Color Night Vision CamerasBy John Honovich, Published on Nov 06, 2010
In this update, we examine Flir's Color Night Vision cameras, a new offering from FLIR that leverages the EMCCD camera cores we reviewed in June 2010. The Color Night Vision (or CNV) cameras use the same form factor as FLIR's F and PT series thermal cameras, specifically they allow for swapping out camera core cartridges and an IP network interface. Unlike thermal cameras, the CNV are designed to deliver color images in near zero visible and no artificial lighting environments.
FLIR is positioning the CNV series as a complement to their thermal cameras with the CNV used to identify and assess (with its ability to see details more clearly) and the thermal used to detect (with its ability to see activity at greater distances). To that end, FLIR offers product options that combine thermal and CNV in a single pan tilt unit.
The CNV is available in two basic versions:
- F-CNV (fixed): $23,000 MSRP
- PT-CNV (pan tilt): $28,000 MSRP (additional cost for adding thermal imager)
All CNV cameras have 640 x 480 resolution and a built in 20x optical zoom lens (2.4 to 40 degree FoV). FLIR reports integration with Milestone and Genetec using their respective 'universal' driver as well as ONVIF. While a megapixel option is available in the base EMCCD core offering, it has not been productized in the CNV offering.
Light Needs and Distance Achievable
Like all CCD and CMOS cameras, the CNV series does require some light and as light become insufficient the image becomes noisier and darker. However, FLIR reports that the CNV cameras need dramatically less light.
While lux ratings are always difficult to assess (and especially so given the very low light levels being considered), FLIR provided some guidelines:
- 0.0005 Lux in Color mode 30fps
- 0.0002 Lux in Monochrome mode 30fps
- With longer exposure times, minimum lux is even lower (to be expected)
Make sure to check how much light you have in your scene. You will not have to have much but depending on how dark your scene gets, this could impact video quality. Also, factor in worse case scenarios such as new moon and/or overcast skies. Note: we have not tested the camera and are making general comments here.
We asked FLIR for an estimate of maximum distance for the CNV to detect persons.
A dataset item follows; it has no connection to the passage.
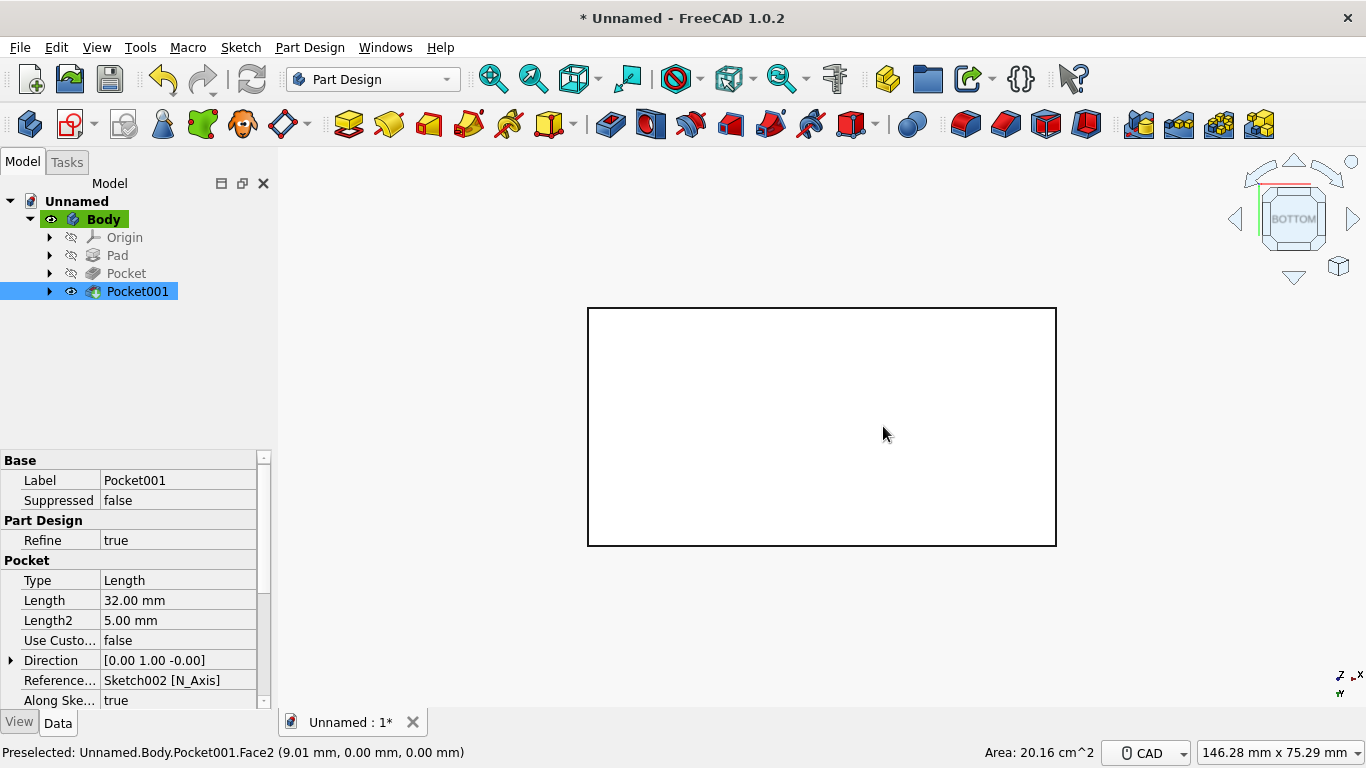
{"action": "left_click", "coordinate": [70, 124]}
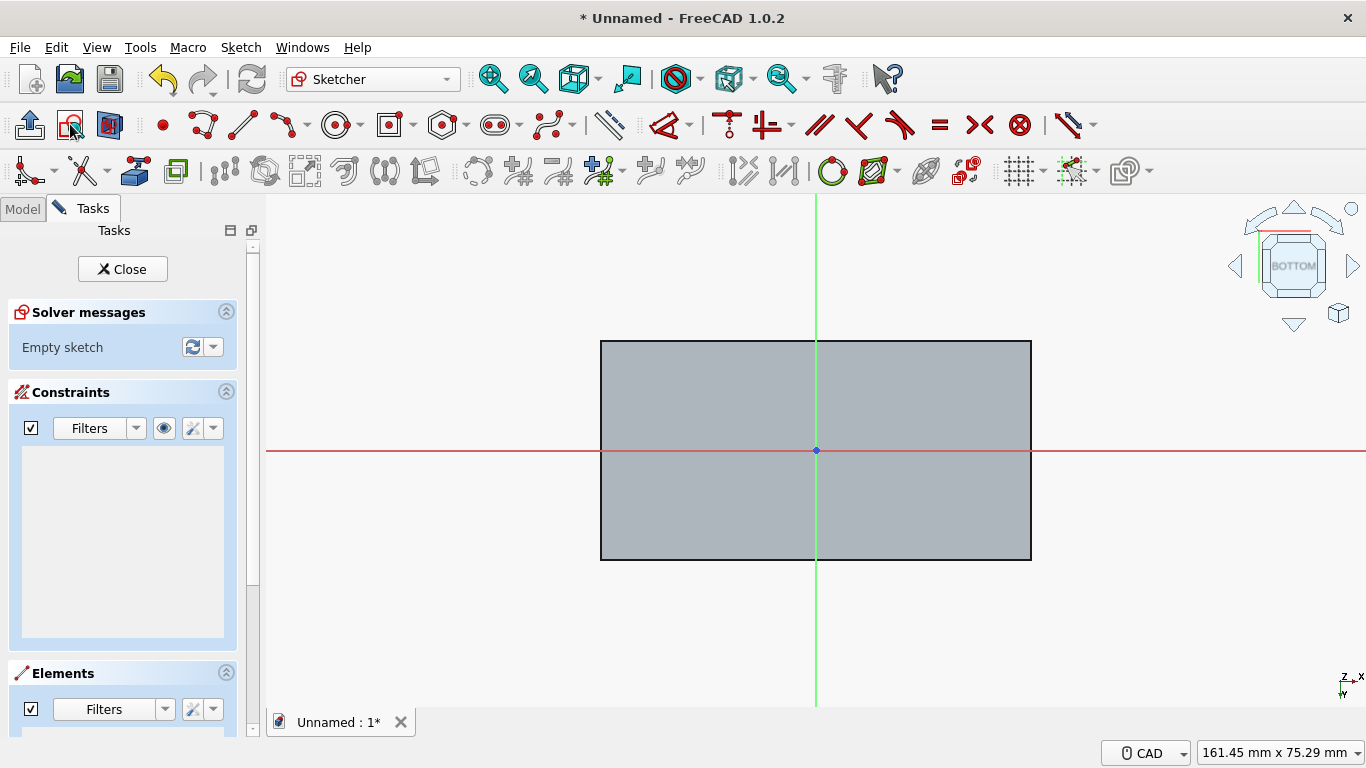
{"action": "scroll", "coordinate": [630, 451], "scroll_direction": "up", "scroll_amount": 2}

They "expect the detection range to exceed 3000 meters in daylight situations and about 500 to 1500 meters in low light conditions," noting that it would depend on field conditions. The ability to provide color and the maximum distances are advantages over IR illuminators. While the details and color imaging are advantages over thermal, the maximum distance for detection is clearly less.
Given the price point of the CNV series, these cameras will most likely be used in mission critical applications (homeland security, military, industrial, etc.). Even if the cameras do deliver clear color video in pitch black conditions, the 10x increase in cost over 850nm/940nm IR cameras is likely too steep for 'regular' security applications to justify and/or afford.
Additionally, as thermal cameras can detect objects at night to much greater distances than CNV, applications with multi kilometer requirements should consider thermal.